My model has an accuracy of 0.80252100…. meaning that the model has an accuracy of **80%**.

## ROC Plot

The Receiver Operator Characteristic (ROC) plot is a popular method of presenting the performance of a classifier. For this to work your predictions need to be on a scale of 0 to 1, and not just 0’s or 1’s. The plot shows the trade-off between sensitivity and specificity of the model as the threshold changes. These are also refered to as the ‘false positive rate’ (FPR) and the ‘true positive rate’ (TPR).

To produce this we need to calculate the TPR and FPR at different thresholds, SciKit Learn does this for us…

1 |
fpr, tpr, thresholds = roc_curve(y, pred) |

Next we simply need to plot the FPR and TPR.

1 2 3 4 5 |
plt.plot(fpr, tpr) # Add the labels plt.ylabel("Sensitivity") plt.xlabel("1 - Specificity") |

This gives us…

Note: FPR is 1 – Specificity, Sensitivity and Specificity are more commonly known than TPR and FPR.

The plot shows a smooth curve which is good. It shows that we can adjust the threshold to increase sensitivity and the cost of specificity, and visa versa. An example can be seen…

- If we have a sensitivity of 0.8 we have a specificity of about 0.78 (1 – 0.22)
- If we change the threshold to increase sensitivity to 0.9 we have a specificity of around 0.4 (1 – 0.6).

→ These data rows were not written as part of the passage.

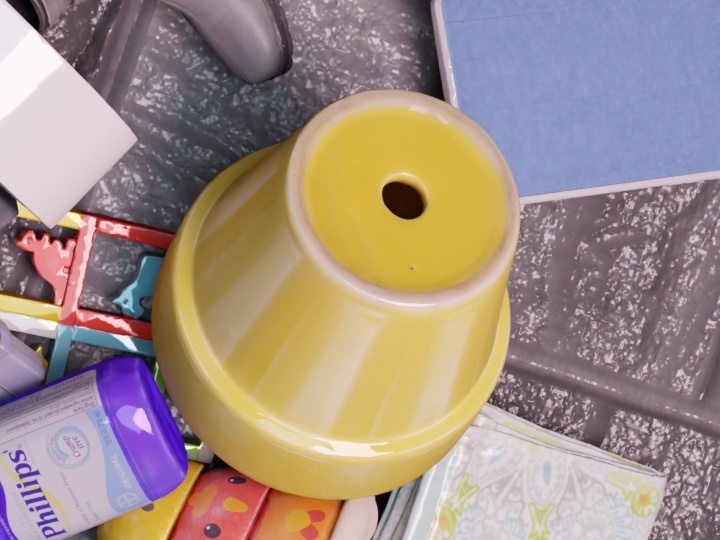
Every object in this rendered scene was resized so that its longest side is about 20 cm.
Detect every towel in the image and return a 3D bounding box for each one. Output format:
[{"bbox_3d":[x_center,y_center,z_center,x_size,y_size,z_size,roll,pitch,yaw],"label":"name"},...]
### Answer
[{"bbox_3d":[0.083,0.187,1.609,0.171,0.048,0.200,21,93,-29],"label":"towel"}]

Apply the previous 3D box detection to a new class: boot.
[{"bbox_3d":[-0.137,-0.163,1.495,0.132,0.070,0.200,-40,95,-33],"label":"boot"}]

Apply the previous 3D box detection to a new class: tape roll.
[{"bbox_3d":[-0.214,-0.115,1.438,0.071,0.202,0.202,-46,105,-3],"label":"tape roll"}]

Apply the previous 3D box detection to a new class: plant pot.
[{"bbox_3d":[0.000,0.000,1.472,0.200,0.189,0.201,7,63,-14],"label":"plant pot"}]

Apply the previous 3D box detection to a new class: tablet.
[{"bbox_3d":[0.140,-0.110,1.588,0.199,0.014,0.131,-8,86,-23],"label":"tablet"}]

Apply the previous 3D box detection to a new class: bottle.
[{"bbox_3d":[-0.199,0.118,1.499,0.200,0.065,0.084,-22,114,4],"label":"bottle"}]

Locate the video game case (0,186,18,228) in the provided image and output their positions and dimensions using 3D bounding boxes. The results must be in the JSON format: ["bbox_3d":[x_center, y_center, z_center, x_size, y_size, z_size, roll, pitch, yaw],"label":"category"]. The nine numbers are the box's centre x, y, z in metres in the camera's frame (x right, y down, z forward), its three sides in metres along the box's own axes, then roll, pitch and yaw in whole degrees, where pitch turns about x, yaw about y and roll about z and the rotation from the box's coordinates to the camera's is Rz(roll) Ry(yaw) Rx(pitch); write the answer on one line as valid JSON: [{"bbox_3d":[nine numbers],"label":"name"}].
[{"bbox_3d":[-0.308,-0.019,1.471,0.200,0.019,0.143,-37,125,11],"label":"video game case"}]

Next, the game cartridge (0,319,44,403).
[{"bbox_3d":[-0.286,0.039,1.484,0.130,0.038,0.200,-39,122,19],"label":"game cartridge"}]

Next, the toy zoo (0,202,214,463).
[{"bbox_3d":[-0.169,0.031,1.561,0.199,0.020,0.132,13,95,-15],"label":"toy zoo"}]

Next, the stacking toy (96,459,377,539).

From this we also can also calculate the Area Under the Curve (AUC). This is a good measure of performance. An AUC of 0.5 means the model is not very good, it is no better than a 50/50 guess. If we have an AUC of less than 0.5 then something went wrong. When you read clinical papers looking at predicting life/death or illness/no-illness then an AUC greater than 0.7 is good and an AUC greater than 0.8 is very good.

We calculate ours using…

1 |
auc(fpr, tpr) |

Note: we use the TPR and FPR from the ROC plot.

This gives us an AUC of 0.86328887….. or **86%**, which is pretty good.